|Wei, Q - LOUISIANA STATE UNIV|
Submitted to: International Society of Sugar Cane Technologists Proceedings
Publication Type: Peer Reviewed Journal
Publication Acceptance Date: May 26, 2001
Publication Date: September 18, 2001
Citation: Pan, Y., Burner, D.M., Wei, Q. 2001. Developing species-specific DNA markers to assist in sugarcane breeding. Proceedings of International Society of Sugar Cane Technologists Proceedings. 24:337-342. Interpretive Summary: Sugarcane breeders attempt to transfer agriculturally desirable traits from wild relatives into commercial varieties by crossing them. One problem, however, is that sugarcane produces an abundance of small flowers and it is difficult to know if the seed produced by the "female parent" originated from pollen produced by the planned "male parent" or from pollen produced by the female parent. Plants originating from seed produced by the former cross are considered "hybrids" because they contain genetic material from both parents whereas plants originating from the latter cross are considered "selfs" because they contain the genetic material from only one parent. Two species-specific DNA markers were developed as a tool to assist breeders in identifying true hybrid offspring early in the selection program. These markers are essentially DNA fingerprints of one of the wild sugarcane species commonly used in the varietal development program in Louisiana. The Louisiana sugarcane varietal development program is a 13 t 14-year program that begins with the planting of approximately 120,000 seedlings (potential varieties) in the field. It is estimated that only 50% of these seedlings are hybrids. Identification of unwanted "selfed offspring" early in the program should improve the frequency of release of superior varieties to the Louisiana sugarcane industry.

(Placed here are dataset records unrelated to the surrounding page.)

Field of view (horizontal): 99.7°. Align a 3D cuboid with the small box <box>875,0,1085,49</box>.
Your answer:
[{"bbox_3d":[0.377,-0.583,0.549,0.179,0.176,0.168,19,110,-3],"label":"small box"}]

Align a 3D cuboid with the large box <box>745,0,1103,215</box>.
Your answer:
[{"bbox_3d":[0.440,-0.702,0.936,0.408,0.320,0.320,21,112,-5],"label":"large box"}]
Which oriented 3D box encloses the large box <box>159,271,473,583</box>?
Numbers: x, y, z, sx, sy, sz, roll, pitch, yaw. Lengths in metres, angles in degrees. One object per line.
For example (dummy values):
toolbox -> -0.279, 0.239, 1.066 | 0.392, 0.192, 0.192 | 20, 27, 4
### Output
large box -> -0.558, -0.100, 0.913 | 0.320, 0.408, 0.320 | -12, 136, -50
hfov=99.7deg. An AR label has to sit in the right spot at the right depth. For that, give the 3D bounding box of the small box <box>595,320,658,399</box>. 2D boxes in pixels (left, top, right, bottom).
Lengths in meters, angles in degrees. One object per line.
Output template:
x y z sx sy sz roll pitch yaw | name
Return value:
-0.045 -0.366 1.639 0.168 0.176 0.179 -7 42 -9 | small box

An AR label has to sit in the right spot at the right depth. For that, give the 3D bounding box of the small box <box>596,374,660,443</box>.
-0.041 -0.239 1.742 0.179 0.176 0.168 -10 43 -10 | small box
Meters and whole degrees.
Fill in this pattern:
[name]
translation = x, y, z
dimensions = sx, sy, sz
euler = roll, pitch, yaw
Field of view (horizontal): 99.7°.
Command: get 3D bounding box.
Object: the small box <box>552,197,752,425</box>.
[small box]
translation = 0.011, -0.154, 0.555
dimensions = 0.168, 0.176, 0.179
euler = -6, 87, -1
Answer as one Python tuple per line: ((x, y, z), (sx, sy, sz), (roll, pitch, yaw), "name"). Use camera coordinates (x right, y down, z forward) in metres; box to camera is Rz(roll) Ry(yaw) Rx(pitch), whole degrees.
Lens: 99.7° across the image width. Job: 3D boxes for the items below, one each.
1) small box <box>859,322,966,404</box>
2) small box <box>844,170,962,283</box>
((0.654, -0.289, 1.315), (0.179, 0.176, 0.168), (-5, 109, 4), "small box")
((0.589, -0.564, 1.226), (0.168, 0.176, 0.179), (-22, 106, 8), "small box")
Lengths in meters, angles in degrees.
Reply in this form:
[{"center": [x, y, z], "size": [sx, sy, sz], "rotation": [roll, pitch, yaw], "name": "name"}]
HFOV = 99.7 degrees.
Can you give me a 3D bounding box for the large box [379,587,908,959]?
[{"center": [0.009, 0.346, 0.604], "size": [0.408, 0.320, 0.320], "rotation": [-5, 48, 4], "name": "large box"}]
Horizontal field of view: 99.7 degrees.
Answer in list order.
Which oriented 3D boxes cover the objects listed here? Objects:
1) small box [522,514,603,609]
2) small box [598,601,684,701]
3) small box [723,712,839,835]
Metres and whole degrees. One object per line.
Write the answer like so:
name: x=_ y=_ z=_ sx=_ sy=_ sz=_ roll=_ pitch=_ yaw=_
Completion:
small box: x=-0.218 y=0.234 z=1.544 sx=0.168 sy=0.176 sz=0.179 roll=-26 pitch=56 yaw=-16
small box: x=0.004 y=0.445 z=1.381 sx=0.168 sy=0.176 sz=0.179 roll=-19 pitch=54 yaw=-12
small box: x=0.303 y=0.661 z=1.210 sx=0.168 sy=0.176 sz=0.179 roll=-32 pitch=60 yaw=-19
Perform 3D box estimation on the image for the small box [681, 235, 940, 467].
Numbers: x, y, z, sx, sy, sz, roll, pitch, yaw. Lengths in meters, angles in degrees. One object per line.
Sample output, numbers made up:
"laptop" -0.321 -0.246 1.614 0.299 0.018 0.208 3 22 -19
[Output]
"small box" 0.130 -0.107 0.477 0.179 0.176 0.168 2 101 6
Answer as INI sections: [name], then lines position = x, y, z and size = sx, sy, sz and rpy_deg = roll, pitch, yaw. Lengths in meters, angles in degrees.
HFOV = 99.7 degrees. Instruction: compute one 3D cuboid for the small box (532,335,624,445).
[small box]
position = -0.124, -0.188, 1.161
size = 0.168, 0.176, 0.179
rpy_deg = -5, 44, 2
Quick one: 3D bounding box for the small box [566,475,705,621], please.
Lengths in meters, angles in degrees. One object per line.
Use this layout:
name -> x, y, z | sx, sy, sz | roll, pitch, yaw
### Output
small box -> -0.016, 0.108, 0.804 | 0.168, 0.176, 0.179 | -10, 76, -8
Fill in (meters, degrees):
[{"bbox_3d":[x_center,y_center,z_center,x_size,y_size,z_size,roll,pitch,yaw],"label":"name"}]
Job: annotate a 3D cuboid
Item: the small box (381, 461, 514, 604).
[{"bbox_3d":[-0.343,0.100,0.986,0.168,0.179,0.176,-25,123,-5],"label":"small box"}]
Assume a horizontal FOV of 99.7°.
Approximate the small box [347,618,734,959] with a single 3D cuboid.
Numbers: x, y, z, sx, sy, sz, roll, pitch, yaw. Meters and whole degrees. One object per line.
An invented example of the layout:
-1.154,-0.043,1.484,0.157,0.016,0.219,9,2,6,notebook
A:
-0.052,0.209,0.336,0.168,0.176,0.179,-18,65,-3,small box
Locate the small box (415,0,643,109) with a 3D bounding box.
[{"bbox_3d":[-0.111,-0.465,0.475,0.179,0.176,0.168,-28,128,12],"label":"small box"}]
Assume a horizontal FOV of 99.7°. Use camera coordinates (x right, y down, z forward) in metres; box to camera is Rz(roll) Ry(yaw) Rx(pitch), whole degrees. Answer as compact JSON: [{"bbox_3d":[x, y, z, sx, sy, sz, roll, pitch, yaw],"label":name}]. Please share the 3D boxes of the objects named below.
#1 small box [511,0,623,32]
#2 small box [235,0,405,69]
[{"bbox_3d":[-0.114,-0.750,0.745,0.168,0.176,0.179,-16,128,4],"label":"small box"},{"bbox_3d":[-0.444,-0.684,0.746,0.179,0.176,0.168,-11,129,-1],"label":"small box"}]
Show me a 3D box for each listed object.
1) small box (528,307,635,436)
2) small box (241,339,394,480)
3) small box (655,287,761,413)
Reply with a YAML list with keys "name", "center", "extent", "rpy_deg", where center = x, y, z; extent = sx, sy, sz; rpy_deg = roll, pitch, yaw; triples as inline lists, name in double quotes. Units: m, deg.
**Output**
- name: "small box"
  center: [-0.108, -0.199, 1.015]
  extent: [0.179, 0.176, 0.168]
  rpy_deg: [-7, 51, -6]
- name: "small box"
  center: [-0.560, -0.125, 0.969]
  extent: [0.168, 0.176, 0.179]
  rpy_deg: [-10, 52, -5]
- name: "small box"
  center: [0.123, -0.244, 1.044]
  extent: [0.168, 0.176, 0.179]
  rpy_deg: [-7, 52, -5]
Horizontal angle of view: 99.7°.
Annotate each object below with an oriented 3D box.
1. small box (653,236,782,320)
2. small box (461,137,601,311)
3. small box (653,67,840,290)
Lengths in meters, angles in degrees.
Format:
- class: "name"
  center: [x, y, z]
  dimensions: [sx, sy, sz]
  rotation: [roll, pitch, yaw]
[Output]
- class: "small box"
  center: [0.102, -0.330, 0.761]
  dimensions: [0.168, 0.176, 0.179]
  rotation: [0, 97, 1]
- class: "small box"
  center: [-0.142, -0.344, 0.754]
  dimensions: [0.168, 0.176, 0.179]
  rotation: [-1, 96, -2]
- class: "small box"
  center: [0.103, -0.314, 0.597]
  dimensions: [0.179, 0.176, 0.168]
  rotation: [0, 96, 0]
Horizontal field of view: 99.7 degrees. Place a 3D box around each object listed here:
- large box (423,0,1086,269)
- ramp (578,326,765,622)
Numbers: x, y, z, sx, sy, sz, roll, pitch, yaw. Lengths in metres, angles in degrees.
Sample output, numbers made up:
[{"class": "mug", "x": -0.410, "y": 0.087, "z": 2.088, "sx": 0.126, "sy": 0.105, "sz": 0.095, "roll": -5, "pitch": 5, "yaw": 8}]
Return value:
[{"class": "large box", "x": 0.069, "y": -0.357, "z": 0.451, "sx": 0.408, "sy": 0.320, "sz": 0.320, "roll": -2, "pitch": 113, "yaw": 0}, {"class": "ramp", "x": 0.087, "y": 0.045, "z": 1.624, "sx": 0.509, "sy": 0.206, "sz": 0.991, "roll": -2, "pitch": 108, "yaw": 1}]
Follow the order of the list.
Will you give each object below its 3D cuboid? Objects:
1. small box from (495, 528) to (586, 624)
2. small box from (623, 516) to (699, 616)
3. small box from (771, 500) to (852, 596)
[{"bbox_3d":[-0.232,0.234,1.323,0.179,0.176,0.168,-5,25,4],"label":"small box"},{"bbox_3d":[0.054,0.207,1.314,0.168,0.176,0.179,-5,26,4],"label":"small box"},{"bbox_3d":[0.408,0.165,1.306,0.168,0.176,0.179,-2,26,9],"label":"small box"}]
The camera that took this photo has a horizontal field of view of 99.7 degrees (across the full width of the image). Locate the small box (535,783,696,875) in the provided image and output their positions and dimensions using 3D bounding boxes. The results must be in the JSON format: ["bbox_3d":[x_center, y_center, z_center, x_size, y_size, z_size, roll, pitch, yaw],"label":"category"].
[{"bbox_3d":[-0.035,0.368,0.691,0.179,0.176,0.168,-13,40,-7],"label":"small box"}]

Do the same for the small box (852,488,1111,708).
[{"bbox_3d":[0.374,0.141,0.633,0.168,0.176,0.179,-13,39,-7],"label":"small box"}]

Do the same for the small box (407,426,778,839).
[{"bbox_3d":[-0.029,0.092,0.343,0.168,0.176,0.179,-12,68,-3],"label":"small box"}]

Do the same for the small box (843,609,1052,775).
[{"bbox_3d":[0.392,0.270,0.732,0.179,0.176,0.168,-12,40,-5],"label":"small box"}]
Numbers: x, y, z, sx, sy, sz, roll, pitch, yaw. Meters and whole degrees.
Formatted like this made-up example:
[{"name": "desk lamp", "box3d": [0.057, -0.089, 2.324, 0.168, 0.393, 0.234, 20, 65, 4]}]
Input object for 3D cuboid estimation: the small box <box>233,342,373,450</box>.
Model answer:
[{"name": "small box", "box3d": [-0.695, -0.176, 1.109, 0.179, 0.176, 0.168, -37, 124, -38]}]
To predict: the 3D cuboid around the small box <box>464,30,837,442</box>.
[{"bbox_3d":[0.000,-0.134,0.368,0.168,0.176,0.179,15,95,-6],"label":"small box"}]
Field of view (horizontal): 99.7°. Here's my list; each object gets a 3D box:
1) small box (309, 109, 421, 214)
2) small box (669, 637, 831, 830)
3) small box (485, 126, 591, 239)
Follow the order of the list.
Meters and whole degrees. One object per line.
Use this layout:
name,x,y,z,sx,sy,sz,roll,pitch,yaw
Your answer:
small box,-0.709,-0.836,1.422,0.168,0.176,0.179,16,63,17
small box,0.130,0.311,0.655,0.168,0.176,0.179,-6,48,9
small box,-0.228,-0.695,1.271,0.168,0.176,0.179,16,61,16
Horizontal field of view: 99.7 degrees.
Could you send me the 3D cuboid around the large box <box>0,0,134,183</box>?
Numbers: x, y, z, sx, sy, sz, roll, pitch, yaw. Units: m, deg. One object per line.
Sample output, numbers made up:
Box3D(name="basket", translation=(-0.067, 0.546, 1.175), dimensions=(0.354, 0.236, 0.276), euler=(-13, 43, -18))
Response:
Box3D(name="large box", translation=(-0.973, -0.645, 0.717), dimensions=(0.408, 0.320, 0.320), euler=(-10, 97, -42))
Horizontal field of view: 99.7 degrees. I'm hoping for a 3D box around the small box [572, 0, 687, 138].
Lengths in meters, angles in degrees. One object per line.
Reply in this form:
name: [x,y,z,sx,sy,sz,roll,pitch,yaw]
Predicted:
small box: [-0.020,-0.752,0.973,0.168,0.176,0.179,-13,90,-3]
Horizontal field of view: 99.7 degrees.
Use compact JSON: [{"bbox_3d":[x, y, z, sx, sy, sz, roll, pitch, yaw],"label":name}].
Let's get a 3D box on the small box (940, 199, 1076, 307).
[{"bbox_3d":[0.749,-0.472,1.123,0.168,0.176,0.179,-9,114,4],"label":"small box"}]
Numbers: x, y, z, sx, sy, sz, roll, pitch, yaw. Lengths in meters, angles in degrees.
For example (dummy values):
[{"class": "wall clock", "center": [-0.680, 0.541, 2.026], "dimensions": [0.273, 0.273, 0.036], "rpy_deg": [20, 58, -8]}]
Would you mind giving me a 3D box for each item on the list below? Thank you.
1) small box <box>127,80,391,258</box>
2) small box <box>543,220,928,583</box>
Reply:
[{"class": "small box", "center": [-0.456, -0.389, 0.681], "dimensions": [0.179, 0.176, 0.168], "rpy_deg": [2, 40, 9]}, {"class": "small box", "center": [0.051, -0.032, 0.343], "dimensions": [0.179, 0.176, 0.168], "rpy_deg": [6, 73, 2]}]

Technical Abstract: Two species-specific polymerase chain reaction (PCR) markers were developed to assist in sugarcane breeding. Marker Eri3/Eri4 is a 313 bp DNA product that is amplified specifically from the 5S rRNA locus of Erianthus spp. clones. Marker GigI/PII generates two DNA products. One is a 176 bp amplified DNA product from the 5S rRNA locus of S. giganteum, including all lthree known cytotypes (2n = 30, 60, and 90). The other is a DNA product o approximately 350 bp in size from Erianthus spp. clones, NG 77-214 and IMP 2886. Three cases are reported to demonstrate how these species-specific DNA markers were applied in the conventional breeding program to identify true sugarcane intergeneric hybrids.